Lorsqu’il s’est agit du divorce, de l’avortement, du mariage pour tous, et malgré les esprits les plus conservateurs de notre société, le législateur a créé les conditions du choix et l’encadrement des pratiques afin que ce choix s’exerce librement, sans contrainte et sans aucune dérive.
Sur le sujet de la fin de vie – tabou s’il en est, tant cette question est empreinte en France de notre héritage chrétien – il ne faut pas agir autrement. Laisser l’individu choisir, encadrer les pratiques de la fin de vie afin de s’assurer de son consentement libre et éclairé et de se garder de tout risque de dérive.
La dignité, c’est précisément cela. Agir selon sa conscience, sa volonté, fixer soi-même les limites de sa propre condition de femme ou d’homme et refuser d’en franchir les frontières qui font passer de la vie, belle et magique, à la survie, dramatique et douloureuse.
Pourquoi, en France, contrairement aux Pays-Bas, à la Belgique, au Luxembourg…, pays qui nous sont si proches, des médecins, des religieux, des croyants imposeraient aux autres leurs propres opinions ? N’est-ce pas avoir foi en l’homme que de croire en son jugement et de le respecter, même si cela va à l’encontre de nos convictions personnelles ?
En matière de fin de vie, la dignité, c’est maîtriser les conditions de sa propre fin de vie. Avoir le choix entre être prolongé dans sa thérapie car chaque jour gagné est une victoire sur la maladie ; bénéficier d’un lit dans une unité de soins palliatifs, ce qui est loin d’être le cas dans notre pays tant le manque de moyens hospitaliers est cruel, contrairement à ce qui existe dans les pays du Benelux ; bénéficier d’une aide active à mourir, qu’il s’agisse d’une euthanasie active ou d’un suicide assisté, parce que la mort est là, que le diagnostic de fin de vie a été posé, que la médecine est impuissante non seulement à guérir mais également à soulager et que le patient la demande.
Dans notre pays démocratique, seule une loi républicaine assurera les bonnes pratiques ainsi que l’égalité entre chaque citoyen, sans considération de sa fortune personnelle qui lui permettrait de se rendre en Suisse ou de ses relations qui lui permettraient de bénéficier du coup de pouce d’un médecin plus compatissant et plus audacieux que les autres.

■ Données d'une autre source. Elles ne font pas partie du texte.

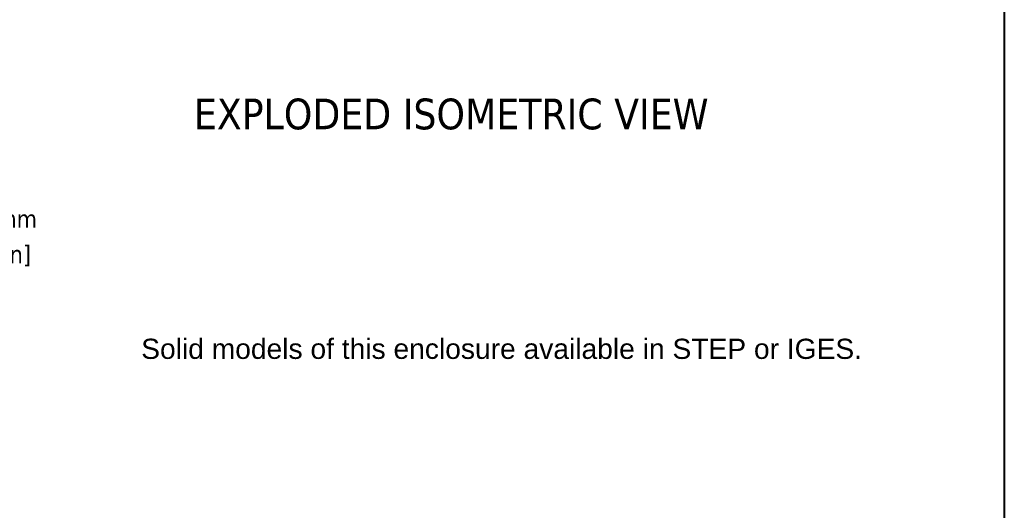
# Model space of a CAD drawing. Header units: millimetres. Extents: x 64 to 1798, y 64 to 1375.
# Tile 56 of 75: x 1148 to 1798, y 551 to 876. Entities that reach past the tile are written whole.
import ezdxf

# ---------------------------------------------------------------- set-up
doc = ezdxf.new("R2010")
doc.units = ezdxf.units.MM
doc.header["$LTSCALE"] = 6.666667
for name, color, linetype, lineweight in [('Border (ANSI)', 7, 'Continuous', 40), ('Dimension (ANSI)', 7, 'Continuous', 25), ('Symbol (ANSI)', 7, 'Continuous', 25)]:
    doc.layers.add(name, color=color, linetype=linetype, lineweight=lineweight)
doc.styles.add('Note Text (ANSI)', font='tahoma.ttf')
doc.styles.add('Note Text (ANSI) - 3DA', font='tahoma.ttf')
doc.dimstyles.new('Default - mm (ANSI)', dxfattribs={"dimscale": 6.666667, "dimtxt": 1.75, "dimasz": 1.5, "dimexe": 2, "dimexo": 1, "dimgap": 0.8, "dimtad": 0, "dimtih": 1, "dimtoh": 1, "dimrnd": 1e-08, "dimzin": 0, "dimdsep": 46, "dimtxsty": 'Note Text (ANSI)', "dimblk": 'Filled-2', "dimcen": 0.09, "dimdle": 10, "dimclrd": 256, "dimclre": 256, "dimclrt": 256, "dimadec": 1, "dimazin": 0, "dimtfac": 1.741714, "dimtofl": 0, "dimtmove": 0, "dimatfit": 3, "dimldrblk": 'Filled-1', "dimfxl": 1, "dimtolj": 1, "dimtzin": 0, "dimlwd": -1, "dimlwe": -1, "dimarcsym": 0})

# ---------------------------------------------------------------- blocks, each defined once
blk = doc.blocks.new('Borders Default Border')
at = {"layer": 'Border (ANSI)', "flags": 128}
blk.add_lwpolyline([(9.652, 9.652), (9.652, 206.248), (269.748, 206.248), (269.748, 9.652), (9.652, 9.652)], dxfattribs=at)
blk = doc.blocks.new('Filled-2')
at = {"color": 0}
for p, q in [((0, 0), (-1, 0.167)), ((-1, 0.167), (-1, -0.167)), ((-1, 0), (0, 0)), ((-1, -0.167), (0, 0))]:
    blk.add_line(p, q, dxfattribs=at)
at = {"color": 0, "flags": 128}
blk.add_lwpolyline([(-1, -0.167), (0, 0), (-1, 0.167), (-1, -0.167)], dxfattribs=at)
at = {"color": 0}
blk.add_solid([(-1, -0.167), (0, 0), (-1, 0.167), (-1, -0.167)], dxfattribs=at)
blk = doc.blocks.new('*D11')
at = {"layer": 'Defpoints', "color": 0, "transparency": 16777216}
for p in [(1022.3, 1008.66), (1117.45, 1008.66), (1022.3, 456.23)]:
    blk.add_point(p, dxfattribs=at)
at = {"layer": 'Dimension (ANSI)', "transparency": 16777216}
for p, q in [((1028.97, 1008.66), (1130.78, 1008.66)), ((1117.45, 998.66), (1117.45, 756.82)), ((1117.45, 466.23), (1117.45, 708.07)), ((1028.97, 456.23), (1130.78, 456.23))]:
    blk.add_line(p, q, dxfattribs=at)
at = {"layer": 'Dimension (ANSI)', "transparency": 16777216, "xscale": 10, "yscale": 10, "zscale": 10}
for p, rotation in [((1117.45, 1008.66), 90), ((1117.45, 456.23), 270)]:
    blk.add_blockref('Filled-2', p, dxfattribs=dict(at, rotation=rotation))
at = {"layer": 'Dimension (ANSI)', "transparency": 16777216, "char_height": 11.6667, "attachment_point": 5, "style": 'Note Text (ANSI)'}
for s, insert in [('\\A1; 552.43 mm', (1117.45, 743.86)), ('\\A1;[21.749 in]', (1117.45, 719.48))]:
    blk.add_mtext(s, dxfattribs=dict(at, insert=insert))
blk = doc.blocks.new('Filled-1')
at = {"color": 0}
for p, q in [((0, 0), (-1, 0.333)), ((-1, 0.333), (-1, -0.333)), ((-1, 0), (0, 0)), ((-1, -0.333), (0, 0))]:
    blk.add_line(p, q, dxfattribs=at)
at = {"color": 0, "flags": 128}
blk.add_lwpolyline([(-1, -0.333), (0, 0), (-1, 0.333), (-1, -0.333)], dxfattribs=at)
at = {"color": 0}
blk.add_solid([(-1, -0.333), (0, 0), (-1, 0.333), (-1, -0.333)], dxfattribs=at)

msp = doc.modelspace()

# ---------------------------------------------------------------- block references
at = {"xscale": 6.666666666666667, "yscale": 6.666666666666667, "zscale": 6.666666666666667}
msp.add_blockref('Borders Default Border', (0, 0), dxfattribs=at)

# ---------------------------------------------------------------- texts
at = {"layer": 'Symbol (ANSI)', "insert": (1262.9715, 802.7664), "char_height": 20.32, "attachment_point": 7, "style": 'Note Text (ANSI) - 3DA'}
msp.add_mtext('EXPLODED ISOMETRIC VIEW', dxfattribs=at)
at = {"layer": 'Symbol (ANSI)', "color": 5, "true_color": 0x0000ff, "insert": (1228.1452, 678.7785), "char_height": 13.333334, "width": 580.211188, "attachment_point": 1, "line_spacing_factor": 0.629481, "style": 'Note Text (ANSI)'}
msp.add_mtext('{\\fArial|b0|i0|c0|p34;\\H1x;\\PSolid models of this enclosure available in STEP or IGES.}', dxfattribs=at)

# ---------------------------------------------------------------- dimensions: what is measured, and where the dimension line sits
at = {"layer": 'Dimension (ANSI)'}
dim = msp.add_linear_dim(base=(1117.4475, 1008.6626), p1=(1022.3011, 456.2326), p2=(1022.3011, 1008.6626), angle=90, text=' <> mm\\X[21.749 in]', dimstyle='Default - mm (ANSI)', override={"dimgap": 0.8, "dimdec": 2, "dimpost": '', "dimtol": 0, "dimlim": 0, "dimtp": 0, "dimtm": 0, "dimtdec": 2, "dimatfit": 1}, dxfattribs=at)
dim.commit()
dim.dimension.update_dxf_attribs({"geometry": '*D11', "text_midpoint": (1117.4475, 732.4476), "dimtype": 160})

doc.saveas('drawing.dxf')

Le tout dernier sondage (Ifop – octobre 2014) rappelle combien les Français sont attachés à cette ultime liberté, celle de choisir le moment et la manière d’éteindre la lumière. En effet, 96% de nos concitoyens sont favorables à la légalisation de l’euthanasie, quand les médecins y sont tout de même favorables à 60% (Ipsos – janvier 2013 pour le Conseil national de l’Ordre des médecins). Dans le même temps, 94% des Français comprennent le choix de leurs compatriotes qui s’exilent en Suisse pour y mourir dignement, puisque c’est pour 92% le signe du caractère insatisfaisant de la loi Leonetti.
Nous pourrons débattre des heures. Nous pourrons parler d’Hippocrate et de Dieu. Du don et du Sacré. Néanmoins, aucun argument ne viendra à bout de la supériorité de la liberté et du choix sur les croyances et l’autoritarisme, voire le paternalisme. C’est aussi cela, la dignité de l’homme : décider pour lui-même et ne pas subir d’influences.
Alors, comment assurer une fin de vie digne en France ? Ecoutez la souffrance et la demande de celui qui est dans le lit. Ne parlez pas en son nom. Epargnez-lui les tourments de la fin de vie si tel est son choix. Epargnez-lui le temps de l’agonie s’il le demande.
La dignité du mourant est de rester un citoyen libre et responsable jusqu’au bout. Un citoyen écouté et respecté. Aux détracteurs du droit de mourir dans la dignité, je rappellerai aussi que la dignité des vivants est de respecter autrui et de ne pas lui imposer ses vues. C’est une question de principe et de droit.